Furthermore, Televisory examined the US firearms and ammunition market and the major players that manufacture c. 40% of the firearms in the nation.
Although Remington Outdoor Company is at the number one spot in terms of modern sporting rifle and long gun sales, it holds a number three spot in total ammunition sales (as shown in the above table). The company’s total sales were $808.9 million (2015), this was a decline from $939.3 million (2014) as a result of restructuring and start-up costs of $7.8 million and $9.9 million (recognised for 2015). This translated into average revenue per unit produced at c. $1,950. The firm is the largest employer in the domestic firearm market with around 2,600 employees and nearly 3,000 international staff. The company’s average cash OPEX amounted to c. $1,900 in 2015.

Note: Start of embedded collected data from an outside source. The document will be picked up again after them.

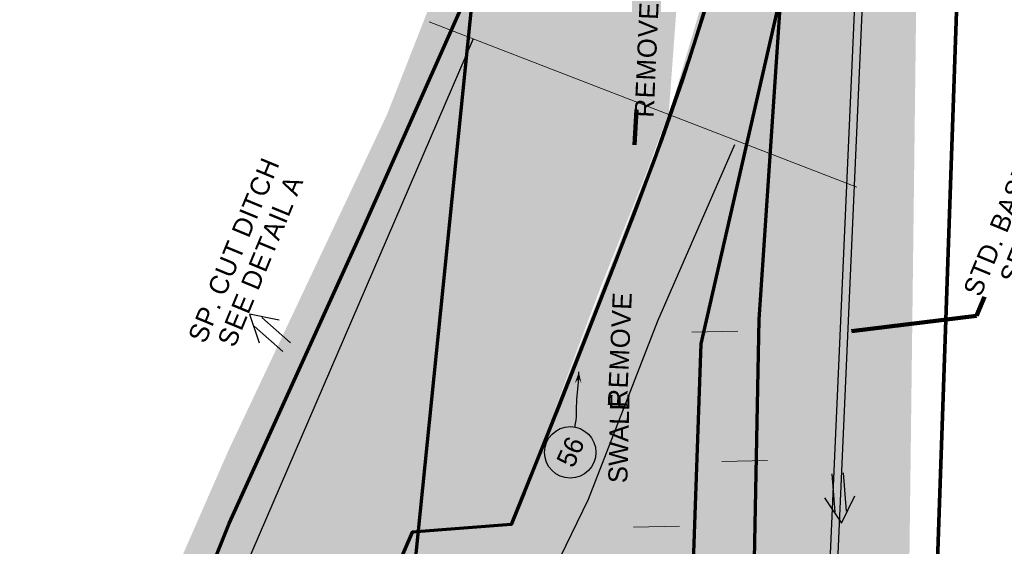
# Model space of a CAD drawing. Extents: x 1160024 to 2574774, y 200346 to 1150377.
# Tile 107 of 118: x 2483338 to 2483595, y 369220 to 369357. Entities that reach past the tile are written whole.
import ezdxf
from ezdxf.enums import TextEntityAlignment as Align

# ---------------------------------------------------------------- set-up
doc = ezdxf.new("R2010")
doc.units = 0
doc.header["$MEASUREMENT"] = 0
for name, color, linetype, lineweight in [('Exist Plan Preparation Drainage Arrows Symbol CELL', 5, 'Continuous', 30), ('Exist Plan Preparation Drainage Notes Label', 31, 'Continuous', 30), ('Exist Plan Preparation Watershed Blue', 5, 'Continuous', 30), ('Prop Drainage Structure Pipe Removal Label', 9, 'Continuous', 30), ('Prop Earthen Structure Ditch Flow Line', 6, 'Rdy Ditch Special Prp', 30), ('Prop Plan Preparation Grade to Drain Arrows CELL', 7, 'Continuous', 13), ('Prop Plan Preparation Watershed Pre Construction', 131, 'Continuous', 30)]:
    doc.layers.add(name, color=color, linetype=linetype, lineweight=lineweight)
doc.layers.add('Scratch_Level_5', color=6, linetype='Continuous', lineweight=0, plot=False)
doc.layers.add('Scratch_Level_6', color=30, linetype='Continuous', lineweight=0, plot=False)
doc.styles.add('Style-GEOMETRICFUTURA_211_M_L', font='GEOMETRICFUTURA_211_M_L.shx')
doc.linetypes.add('Rdy Ditch Special Prp', pattern='A,0.55,-0.2,[22,dgnlstyle-RdylsE.shx,S=0.001111,R=0,X=0,Y=0],-0.2,0.55', length=1.5)
doc.dimstyles.new('erosion_control', dxfattribs={"dimtxt": 4.99999, "dimasz": 9.99998, "dimexe": 2.499995, "dimexo": 2.499995, "dimgap": 2.499995, "dimtad": 0, "dimtih": 1, "dimtoh": 1, "dimzin": 3, "dimdsep": 46, "dimtxsty": 'Style-GEOMETRICFUTURA_211_M_L', "dimcen": 0.09, "dimaunit": 1, "dimadec": 4, "dimazin": 3, "dimtfac": 1, "dimtofl": 0, "dimtmove": 0, "dimatfit": 1, "dimfxl": 1, "dimtzin": 3, "dimlwd": 106, "dimarcsym": 0})

# ---------------------------------------------------------------- blocks, each defined once
blk = doc.blocks.new('*U88')
at = {"layer": 'Exist Plan Preparation Drainage Notes Label'}
blk.add_circle((-2.02, 0), 1.993, dxfattribs=at)
blk.add_open_spline([(-0.139, -0.659), (0.522, -0.972), (1.251, -1.003), (1.947, -1.171), (2.635, -1.338), (3.318, -1.546), (4.014, -1.669)], degree=3, knots=[0, 0, 0, 0, 0.5025, 0.5025, 0.5025, 1, 1, 1, 1], dxfattribs=at)
blk.add_solid([(4.014, -1.669), (3.192, -1.207), (3.124, -1.722), (3.522, -1.565)], dxfattribs=at)
blk = doc.blocks.new('PROP TERMINATOR ARROW_150')
at = {"layer": 'Prop Plan Preparation Grade to Drain Arrows CELL', "extrusion": (0, 0, -1)}
blk.add_solid([(5.71, 0.95), (0, 0), (5, 0), (5.71, -0.95)], dxfattribs=at)
blk = doc.blocks.new('PROP PLAN PREPARATION GRADE TO DRAIN ARROWS_8')
at = {"layer": 'Prop Plan Preparation Grade to Drain Arrows CELL'}
blk.add_line((-7, 0), (5, 0), dxfattribs=at)
blk.add_blockref('PROP TERMINATOR ARROW_150', (5, 0), dxfattribs=at)
blk = doc.blocks.new('PROP TERMINATOR ARROW_151')
at = {"layer": 'Prop Plan Preparation Grade to Drain Arrows CELL', "extrusion": (0, 0, -1)}
blk.add_solid([(5.71, 0.95), (0, 0), (5, 0), (5.71, -0.95)], dxfattribs=at)
blk = doc.blocks.new('PROP PLAN PREPARATION GRADE TO DRAIN ARROWS_9')
at = {"layer": 'Prop Plan Preparation Grade to Drain Arrows CELL'}
blk.add_line((-7, 0), (5, 0), dxfattribs=at)
blk.add_blockref('PROP TERMINATOR ARROW_151', (5, 0), dxfattribs=at)
blk = doc.blocks.new('PROP TERMINATOR ARROW_152')
at = {"layer": 'Prop Plan Preparation Grade to Drain Arrows CELL', "extrusion": (0, 0, -1)}
blk.add_solid([(5.71, 0.95), (0, 0), (5, 0), (5.71, -0.95)], dxfattribs=at)
blk = doc.blocks.new('PROP PLAN PREPARATION GRADE TO DRAIN ARROWS_10')
at = {"layer": 'Prop Plan Preparation Grade to Drain Arrows CELL'}
blk.add_line((-7, 0), (5, 0), dxfattribs=at)
blk.add_blockref('PROP TERMINATOR ARROW_152', (5, 0), dxfattribs=at)
blk = doc.blocks.new('EXIST PLAN PREPARATION DRAINAGE ARROWS SYMBOL_191')
at = {"layer": 'Exist Plan Preparation Drainage Arrows Symbol CELL'}
for p, q in [((-3.87, 1.5), (6.13, 1.5)), ((-3.87, -1.5), (6.13, -1.5))]:
    blk.add_line(p, q, dxfattribs=at)
at = {"layer": 'Exist Plan Preparation Drainage Arrows Symbol CELL', "flags": 128}
blk.add_lwpolyline([(0, 3.97), (-6.87, 0), (0, -3.97)], dxfattribs=at)
blk = doc.blocks.new('EXIST PLAN PREPARATION DRAINAGE ARROWS SYMBOL_195')
at = {"layer": 'Exist Plan Preparation Drainage Arrows Symbol CELL'}
for p, q in [((-3.87, 1.5), (6.13, 1.5)), ((-3.87, -1.5), (6.13, -1.5))]:
    blk.add_line(p, q, dxfattribs=at)
at = {"layer": 'Exist Plan Preparation Drainage Arrows Symbol CELL', "flags": 128}
blk.add_lwpolyline([(0, 3.97), (-6.87, 0), (0, -3.97)], dxfattribs=at)

msp = doc.modelspace()

# ---------------------------------------------------------------- hatches: boundary and pattern name
at = {"layer": 'Scratch_Level_6'}
for points in [[(2483435.61, 369037.31), (2483365.18, 369062.28), (2483237.07, 369103.64), (2482987.02, 369185.89), (2482927.65, 369205.42), (2482786.92, 369248.69), (2482743.22, 369262.13), (2482594.43, 369310.99), (2482611.93, 369323.88), (2482730.69, 369288.87), (2482751.69, 369277.32), (2482878.31, 369241.5), (2482887.67, 369244.68), (2483020.64, 369207.64), (2483090.07, 369184.2), (2483246.22, 369131.49), (2483300.52, 369117.38), (2483325.73, 369114.28), (2483344, 369127), (2483357.02, 369164.01), (2483392.59, 369245.11), (2483433.95, 369332.65), (2483462.39, 369405.08), (2483476.45, 369450.64), (2483485.53, 369492.69), (2483504.08, 369539.43), (2483510.87, 369635.13), (2483526.89, 369675.46), (2483536.44, 369686.46), (2483534.36, 369659.34), (2483527.06, 369577.32), (2483517.68, 369468.69), (2483508.82, 369349.27), (2483507.64, 369333.27), (2483502.45, 369319.09), (2483507.22, 369331.01), (2483502.45, 369319.09), (2483489.78, 369287.41), (2483473.54, 369244.29), (2483464.99, 369221.57), (2483441.31, 369167.78), (2483431.59, 369145.7), (2483426.13, 369132.19), (2483415.57, 369105.42), (2483415.96, 369093.74), (2483416.97, 369083.14), (2483425.21, 369071.78), (2483430.6, 369060.92)], [(2483643.69, 368960.94), (2483608.79, 368976.78), (2483546.81, 368998.68), (2483456.37, 369030.63), (2483435.1, 369037.59), (2483430.6, 369060.92), (2483416.91, 369083.65), (2483415.13, 369104.47), (2483431.42, 369146.07), (2483459.18, 369207.74), (2483507.22, 369331.01), (2483533.48, 369420.19), (2483543.32, 369458.7), (2483557.39, 369642.26), (2483560.61, 369684.33), (2483595.35, 369649.31), (2483595.29, 369589.28), (2483572.45, 369371.96), (2483569.75, 369151.67), (2483554.17, 369051.21), (2483567.61, 369046.99), (2483644.45, 369022.89), (2483658.83, 368996.96)]]:
    msp.add_hatch(color=256, dxfattribs=at).paths.add_polyline_path(points)

# ---------------------------------------------------------------- linework, layer by layer
at = {"layer": 'Exist Plan Preparation Drainage Notes Label'}
msp.add_solid([(2483498.7, 369324.75), (2483500.23, 369329.67), (2483497.73, 369329.81)], dxfattribs=at)
at = {"layer": 'Exist Plan Preparation Watershed Blue', "color": 5, "linetype": 'Continuous', "lineweight": 70, "flags": 128}
msp.add_lwpolyline([(2483546.5, 369505.59), (2483549.13, 369555.88), (2483575.83, 369535.76), (2483570.64, 369469.75), (2483563.65, 369387.03), (2483583.95, 369392.42), (2483574.67, 369122.95), (2483545.83, 369085.68), (2483528.46, 369084.43), (2483524.88, 369078.02), (2483528.35, 369152.31), (2483529.23, 369176.27), (2483531.24, 369279.08), (2483546.5, 369505.59)], close=True, dxfattribs=at)
for points in [[(2483692.38, 369093.51), (2483574.67, 369122.95), (2483583.95, 369392.42)], [(2483511.54, 369143.7), (2483516.11, 369272.78), (2483539.81, 369376.36)], [(2483519.98, 369369.95), (2483513.06, 369347.41), (2483503.82, 369320.69), (2483493.67, 369294.29), (2483478.93, 369256.66), (2483466.43, 369225.5), (2483440.49, 369223.51), (2483399.31, 369128.11)], [(2483456.77, 369368.07), (2483441.52, 369217.84), (2483416.25, 369128.53), (2483407.11, 369112.72), (2483340.38, 369094.97), (2483309.13, 369097.39), (2483270.41, 369109.94), (2483247.73, 369117.24), (2483008.59, 369194.43), (2482949.06, 369211.26), (2482875.96, 369231.89), (2482876.07, 369234.16), (2482869.88, 369361.7)], [(2483516.85, 369359.42), (2483511.19, 369341.75), (2483505.82, 369326.19), (2483498.56, 369306.76), (2483488.81, 369281.87), (2483484.03, 369269.69), (2483478.8, 369256.33), (2483475.38, 369247.81), (2483469.78, 369233.86), (2483466.43, 369225.5), (2483440.49, 369223.51), (2483399.31, 369128.11), (2483394.86, 369117.81), (2483376.5, 369125.74), (2483372.81, 369117.2), (2483369.05, 369113.55), (2483353.67, 369126.99), (2483353.67, 369126.99), (2483385.83, 369208.8), (2483392.66, 369225.77), (2483427.06, 369301.49), (2483456.77, 369368.07)]]:
    msp.add_lwpolyline(points, dxfattribs=at)
at = {"layer": 'Prop Earthen Structure Ditch Flow Line', "linetype": 'Rdy Ditch Special Prp', "ltscale": 50}
for p, q in [((2483556.58, 369370.35), (2483544.22, 369089.8)), ((2483558.58, 369370.26), (2483546.22, 369089.71)), ((2483456.5, 369352.46), (2483357.55, 369123.38))]:
    msp.add_line(p, q, dxfattribs=at)
at = {"layer": 'Prop Earthen Structure Ditch Flow Line', "ltscale": 50}
for p, q in [((2483524.79, 369324.71), (2483504.65, 369278.68)), ((2483504.65, 369278.68), (2483486.57, 369232.03)), ((2483486.57, 369232.03), (2483464.54, 369187.08))]:
    msp.add_line(p, q, dxfattribs=at)
at = {"layer": 'Prop Plan Preparation Watershed Pre Construction', "color": 200, "flags": 128}
msp.add_lwpolyline([(2483456.77, 369368.07), (2483392.66, 369225.77), (2483353.67, 369126.99), (2483369.05, 369113.55), (2483361.09, 369101.95), (2483407.11, 369112.72), (2483416.25, 369128.53), (2483441.52, 369217.84), (2483456.77, 369368.07)], close=True, dxfattribs=at)
at = {"layer": 'Scratch_Level_5'}
for p in [(2483444.98, 369356.84), (2483556.79, 369313.69)]:
    msp.add_line(p, (2483489.99, 369339.47), dxfattribs=at)

# ---------------------------------------------------------------- block references
at = {"layer": 'Exist Plan Preparation Drainage Arrows Symbol CELL'}
for name, p, rotation in [('EXIST PLAN PREPARATION DRAINAGE ARROWS SYMBOL_195', (2483403.11, 369275.94), 318.6769889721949), ('EXIST PLAN PREPARATION DRAINAGE ARROWS SYMBOL_191', (2483552.3, 369232.77), 94.27107227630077)]:
    msp.add_blockref(name, p, dxfattribs=dict(at, rotation=rotation))
at = {"layer": 'Exist Plan Preparation Drainage Notes Label', "xscale": 3.375, "yscale": 3.375, "zscale": 3.375, "rotation": 99.32295368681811}
msp.add_blockref('*U88', (2483480.76, 369251.11), dxfattribs=at)
at = {"layer": 'Prop Plan Preparation Grade to Drain Arrows CELL'}
for name, p, rotation in [('PROP PLAN PREPARATION GRADE TO DRAIN ARROWS_9', (2483518.69, 369275.92), 181.1447962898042), ('PROP PLAN PREPARATION GRADE TO DRAIN ARROWS_8', (2483528.48, 369242.12), 1.144796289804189), ('PROP PLAN PREPARATION GRADE TO DRAIN ARROWS_10', (2483503.41, 369224.96), 181.1447962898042)]:
    msp.add_blockref(name, p, dxfattribs=dict(at, rotation=rotation))

# ---------------------------------------------------------------- texts
at = {"layer": 'Exist Plan Preparation Drainage Notes Label', "style": 'Style-GEOMETRICFUTURA_211_M_L'}
msp.add_text('SWALE', height=5, rotation=88.548, dxfattribs=at).set_placement((2483491.78, 369236.43), align=Align.TOP_LEFT)
msp.add_text('56', height=5.062, rotation=65.8631, dxfattribs=at).set_placement((2483481.91, 369244.54), align=Align.MIDDLE_CENTER)
at = {"layer": 'Prop Drainage Structure Pipe Removal Label', "char_height": 5, "attachment_point": 8, "rotation": 87.4459, "line_spacing_factor": 0.6, "style": 'Style-GEOMETRICFUTURA_211_M_L'}
for insert in [(2483504.39, 369346.88), (2483497.39, 369271.1)]:
    msp.add_mtext('\\T1.044;REMOVE', dxfattribs=dict(at, insert=insert))
at = {"layer": 'Prop Earthen Structure Ditch Flow Line', "linetype": 'Rdy Ditch Special Prp', "char_height": 5, "attachment_point": 5, "rotation": 67.5631, "line_spacing_factor": 0.900001, "style": 'Style-GEOMETRICFUTURA_211_M_L'}
for s, insert in [('\\T1.057;STD. BASE DITCH\\PSEE DETAIL F\\P', (2483601.83, 369312.18)), ('\\T1.057;SP. CUT DITCH\\PSEE DETAIL A', (2483397.4, 369295.85))]:
    msp.add_mtext(s, dxfattribs=dict(at, insert=insert))

# ---------------------------------------------------------------- leaders
at = {"layer": 'Exist Plan Preparation Drainage Notes Label'}
msp.add_leader([(2483498.7, 369324.75), (2483499.22, 369333.89)], dimstyle='erosion_control', override={"dimtxt": 5, "dimasz": 5, "dimgap": 0, "dimlwd": 65534}, dxfattribs=at)
at = {"layer": 'Prop Earthen Structure Ditch Flow Line', "linetype": 'Continuous', "lineweight": 13}
msp.add_leader([(2483555.37, 369276.02), (2483588.11, 369280.06), (2483590.15, 369285)], dimstyle='erosion_control', override={"dimtxt": 5, "dimasz": 5, "dimgap": 0, "dimlwd": 65534}, dxfattribs=at)

doc.saveas('drawing.dxf')

Secondly, for Smith & Wesson, the revenue decreased by 15.2% (2014) and amounted to $552 million or on an average the revenue per unit sold was $376. In the firearms division, the sale of handguns registered a drop of 6.5% (2014), while long guns and Walther products registered a decline of 41.9% and 91.0% respectively. This drop is attributed to the excess channel inventory that was used to satiate the demand for products of the firm. Smith & Wesson employ nearly 1,600 people in America. Its average cash OPEX per unit produced translated to almost $292 (as of 2015).
Sturm Ruger, the biggest gun-maker in the country, serves only the domestic market with its revenues registering an increase of c. 0.5% (2015) over the previous year and volume to the tune of c.1.6 million products. The average revenue per unit produced, thus, translated to $316, while average cash OPEX totalled c. $200. The company claims to employ over 1,230 full-time staff with approx. 49% of its workers are in the firm for over 10 years.
The National Instant Criminal Background Check System (NICS) reported that background checks [as adjusted by the National Shooting Sports Foundation (NSSF)] increased by 10%, suggesting a jump in the demand for firearms for the period 2015-16. This increase in demand is attributable to reasons such as stronger-than-usual-seasonal industry demand due to the political campaigns for elections, increased production catering to products in demand, strong demand for newly launched products, etc. Therefore, all three manufacturers registered a growth in their revenues in 2016 (as shown in the above infographic).
In conclusion, it can be stated that the firearms industry in the United States is a $16 billion enterprise that offers employment to thousands of people and contributes billions in tax revenue. Although it is yet to be seen if more stringent gun control measures will be implemented in the future, with an approx. 300 million firearms possessed by people in the US, it is more than apparent that a gun control regulation in the industry will be met with resistance. Presently, guns are a norm in the US as is the debate pertaining to the Second Amendment and both will remain a salient feature of the American culture.